Convocado em 1961 pelo Papa João Paulo XXIII, o Concílio Vaticano II propunha abrir a Igreja Católica para o mundo moderno. Mas diferentes interpretações apareceram dos documentos que resultaram do encontro.
Abertura
Num primeiro período, de cerca de 20 anos, até o início do Pontificado de João Paulo II, em 1978, prevaleceu a ideia de um novo rumo para a Igreja, com revisões de questões relacionadas à vida religiosa, à liturgia e ao ecumenismo. Passou-se a ter mais liberdade na forma de celebração das missas e abriu-se o diálogo com outras religiões.
"Essa interpretação do Concílio como a Teologia da Libertação foi muito forte em partes da América Latina e, especialmente, no Brasil. Mas com a eleição de João Paulo II, ganhou força uma outra interpretação do Concílio, que o vê como uma continuidade da tradição. É essa a visão do atual Papa", diz Maria José Fontelas Rosado-Nunes, professora da cadeira de Gênero e Religião da Pós-graduação em Ciências da Religião da Pontifícia Universidade Católica de São Paulo (PUCSP).
Doutrina
Ratzinger tornou-se o líder da Igreja Católica depois de 23 anos à frente da Congregação para a Doutrina da Fé, em que era responsável por defender e difundir a doutrina católica. Em grande parte, como ideólogo de seu predecessor, ele foi o responsável pela retomada conservadora do Vaticano. Foi esse cargo de "guardião da fé" que lhe rendeu o apelido "Rottweiller de Deus".

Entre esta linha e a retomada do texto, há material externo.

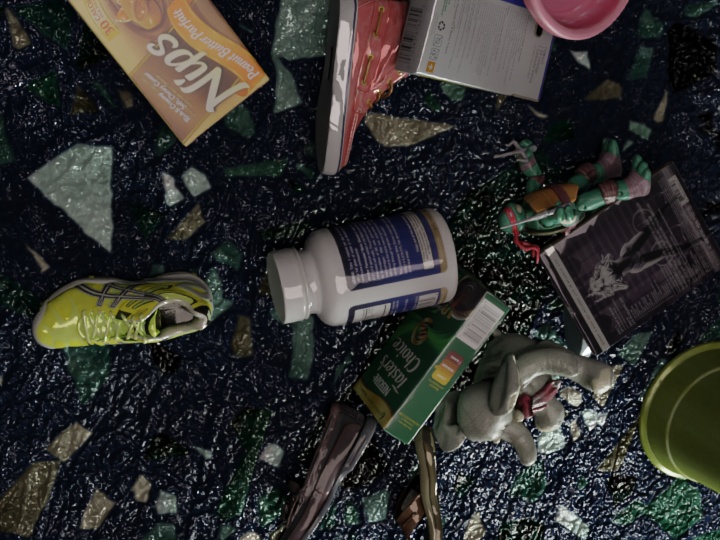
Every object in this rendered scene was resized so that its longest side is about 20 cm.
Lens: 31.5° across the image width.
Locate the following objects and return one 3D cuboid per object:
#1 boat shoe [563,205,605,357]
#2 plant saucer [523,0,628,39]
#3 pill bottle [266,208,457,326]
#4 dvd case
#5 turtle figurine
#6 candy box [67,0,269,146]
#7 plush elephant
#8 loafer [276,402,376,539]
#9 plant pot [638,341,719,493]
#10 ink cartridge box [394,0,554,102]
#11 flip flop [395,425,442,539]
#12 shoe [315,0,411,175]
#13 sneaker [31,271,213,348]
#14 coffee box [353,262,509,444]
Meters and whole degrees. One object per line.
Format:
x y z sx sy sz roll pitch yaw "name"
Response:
0.308 0.014 1.563 0.090 0.071 0.201 1 106 -14 "boat shoe"
0.232 -0.356 1.394 0.200 0.051 0.202 -15 114 -37 "plant saucer"
0.000 0.000 1.436 0.199 0.111 0.112 -11 111 -14 "pill bottle"
0.325 -0.014 1.521 0.200 0.016 0.149 -34 105 -7 "dvd case"
0.226 -0.090 1.474 0.199 0.150 0.101 -19 139 -15 "turtle figurine"
-0.200 -0.243 1.317 0.115 0.055 0.200 -39 116 -2 "candy box"
0.177 0.155 1.515 0.200 0.165 0.155 36 54 -10 "plush elephant"
-0.056 0.251 1.537 0.063 0.072 0.200 32 90 -5 "loafer"
0.489 0.217 1.628 0.199 0.190 0.201 -5 110 -15 "plant pot"
0.140 -0.298 1.394 0.199 0.047 0.199 5 101 -45 "ink cartridge box"
0.070 0.288 1.582 0.057 0.081 0.201 -4 109 1 "flip flop"
0.006 -0.200 1.391 0.091 0.071 0.201 3 104 -16 "shoe"
-0.257 0.046 1.387 0.199 0.076 0.076 -13 113 -12 "sneaker"
0.080 0.093 1.489 0.044 0.123 0.200 34 97 -26 "coffee box"

Temendo que o reconhecimento de outras religiões como "verdadeiras" levem a uma indiferença religiosa, Bento XVI promove uma doutrina sem relativismos, tradicional, em busca de uma identidade católica clara.

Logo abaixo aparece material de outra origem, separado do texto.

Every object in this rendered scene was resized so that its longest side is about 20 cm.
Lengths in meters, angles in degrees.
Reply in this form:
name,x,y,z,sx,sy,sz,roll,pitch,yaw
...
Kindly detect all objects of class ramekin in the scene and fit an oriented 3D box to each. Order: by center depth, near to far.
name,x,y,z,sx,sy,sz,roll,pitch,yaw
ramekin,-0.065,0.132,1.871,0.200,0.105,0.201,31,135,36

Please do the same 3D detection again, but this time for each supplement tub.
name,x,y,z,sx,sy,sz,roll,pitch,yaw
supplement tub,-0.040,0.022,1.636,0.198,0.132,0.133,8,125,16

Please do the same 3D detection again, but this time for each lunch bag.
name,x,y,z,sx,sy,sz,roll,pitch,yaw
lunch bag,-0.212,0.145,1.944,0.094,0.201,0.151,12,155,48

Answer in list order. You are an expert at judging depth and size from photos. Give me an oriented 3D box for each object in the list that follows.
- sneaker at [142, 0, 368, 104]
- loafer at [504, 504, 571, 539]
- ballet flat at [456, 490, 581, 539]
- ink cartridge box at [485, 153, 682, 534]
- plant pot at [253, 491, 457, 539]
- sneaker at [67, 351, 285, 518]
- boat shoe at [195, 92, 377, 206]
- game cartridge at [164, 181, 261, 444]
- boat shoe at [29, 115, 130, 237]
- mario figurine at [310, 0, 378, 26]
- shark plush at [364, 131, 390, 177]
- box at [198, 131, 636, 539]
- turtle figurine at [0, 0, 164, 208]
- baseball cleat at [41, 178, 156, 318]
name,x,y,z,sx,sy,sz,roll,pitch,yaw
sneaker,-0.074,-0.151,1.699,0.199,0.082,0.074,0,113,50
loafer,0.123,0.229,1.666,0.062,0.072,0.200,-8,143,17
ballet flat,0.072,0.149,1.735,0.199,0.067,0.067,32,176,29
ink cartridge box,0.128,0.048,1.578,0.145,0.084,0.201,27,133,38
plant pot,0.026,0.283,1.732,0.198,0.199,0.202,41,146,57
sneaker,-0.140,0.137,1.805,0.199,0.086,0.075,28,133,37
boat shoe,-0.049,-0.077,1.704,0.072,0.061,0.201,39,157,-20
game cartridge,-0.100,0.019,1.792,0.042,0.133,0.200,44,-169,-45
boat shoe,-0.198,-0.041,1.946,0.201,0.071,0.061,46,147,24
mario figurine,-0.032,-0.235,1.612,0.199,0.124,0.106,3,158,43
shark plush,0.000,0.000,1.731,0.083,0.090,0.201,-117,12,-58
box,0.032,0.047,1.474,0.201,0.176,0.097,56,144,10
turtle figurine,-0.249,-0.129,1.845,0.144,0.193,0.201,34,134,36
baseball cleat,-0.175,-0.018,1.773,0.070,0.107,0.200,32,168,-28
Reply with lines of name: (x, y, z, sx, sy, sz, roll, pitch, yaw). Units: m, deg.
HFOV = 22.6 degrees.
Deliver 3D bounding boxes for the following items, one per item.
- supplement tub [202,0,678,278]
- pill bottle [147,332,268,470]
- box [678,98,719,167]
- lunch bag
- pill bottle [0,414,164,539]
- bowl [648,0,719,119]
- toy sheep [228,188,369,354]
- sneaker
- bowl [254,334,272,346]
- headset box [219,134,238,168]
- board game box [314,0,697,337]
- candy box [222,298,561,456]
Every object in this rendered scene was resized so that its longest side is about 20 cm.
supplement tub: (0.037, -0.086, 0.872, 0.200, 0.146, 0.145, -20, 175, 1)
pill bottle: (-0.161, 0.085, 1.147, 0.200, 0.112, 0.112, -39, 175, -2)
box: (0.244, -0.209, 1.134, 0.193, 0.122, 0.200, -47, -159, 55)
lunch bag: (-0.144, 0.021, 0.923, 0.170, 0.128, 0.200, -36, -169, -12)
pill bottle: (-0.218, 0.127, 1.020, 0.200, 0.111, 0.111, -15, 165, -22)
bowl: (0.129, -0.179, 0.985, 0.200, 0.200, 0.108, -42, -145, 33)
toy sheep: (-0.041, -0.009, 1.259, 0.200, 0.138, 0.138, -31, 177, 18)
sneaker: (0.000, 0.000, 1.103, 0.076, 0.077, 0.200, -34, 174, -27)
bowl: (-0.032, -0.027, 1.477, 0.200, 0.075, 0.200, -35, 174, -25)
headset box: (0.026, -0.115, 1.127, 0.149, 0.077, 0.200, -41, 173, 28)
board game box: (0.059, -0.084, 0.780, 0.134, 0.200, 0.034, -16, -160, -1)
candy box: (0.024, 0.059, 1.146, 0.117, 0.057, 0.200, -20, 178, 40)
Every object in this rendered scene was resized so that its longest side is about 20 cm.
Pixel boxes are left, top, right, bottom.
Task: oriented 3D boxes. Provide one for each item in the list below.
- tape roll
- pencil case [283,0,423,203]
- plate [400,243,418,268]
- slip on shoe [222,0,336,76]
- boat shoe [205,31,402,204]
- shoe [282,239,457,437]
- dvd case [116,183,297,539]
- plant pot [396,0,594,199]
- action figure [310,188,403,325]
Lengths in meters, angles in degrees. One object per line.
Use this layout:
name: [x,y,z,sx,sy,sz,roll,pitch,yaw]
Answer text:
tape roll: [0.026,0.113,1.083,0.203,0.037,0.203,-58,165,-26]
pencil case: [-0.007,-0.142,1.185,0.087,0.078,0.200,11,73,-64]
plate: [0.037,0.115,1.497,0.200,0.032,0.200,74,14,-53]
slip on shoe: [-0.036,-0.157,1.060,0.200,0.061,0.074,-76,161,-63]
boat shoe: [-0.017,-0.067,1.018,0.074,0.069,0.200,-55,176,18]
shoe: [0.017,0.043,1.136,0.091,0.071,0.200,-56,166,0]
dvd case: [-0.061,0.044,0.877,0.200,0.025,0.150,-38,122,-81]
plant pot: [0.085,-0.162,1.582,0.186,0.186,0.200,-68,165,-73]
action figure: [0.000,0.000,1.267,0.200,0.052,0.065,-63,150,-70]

E aí o motivo de tantas polêmicas de seu papado: a condenação ao uso da camisinha, ao feminismo, ao ato homossexual. "Uma das questões mais características da Igreja Católica é a unidade. Não tem achismo na Igreja. A Igreja usa as fontes da revelação para nos propor as suas verdades. Claro, nem tudo é dogma. São vários graus de verdades. Algumas são dogmas, outras são definitivas, outras são ensinamentos morais. Agora, o critério de verdade não pode ser a opinião de cada um, de um teólogo x. A gente não pode ter relativismo em relação à doutrina do magistério. E neste ponto o Papa Bento XVI tem dado muita ênfase", diz dom Fernando Rifan, bispo da Administração Apostólica Pessoal São João Maria Vianney, em Campos, no Rio de Janeiro.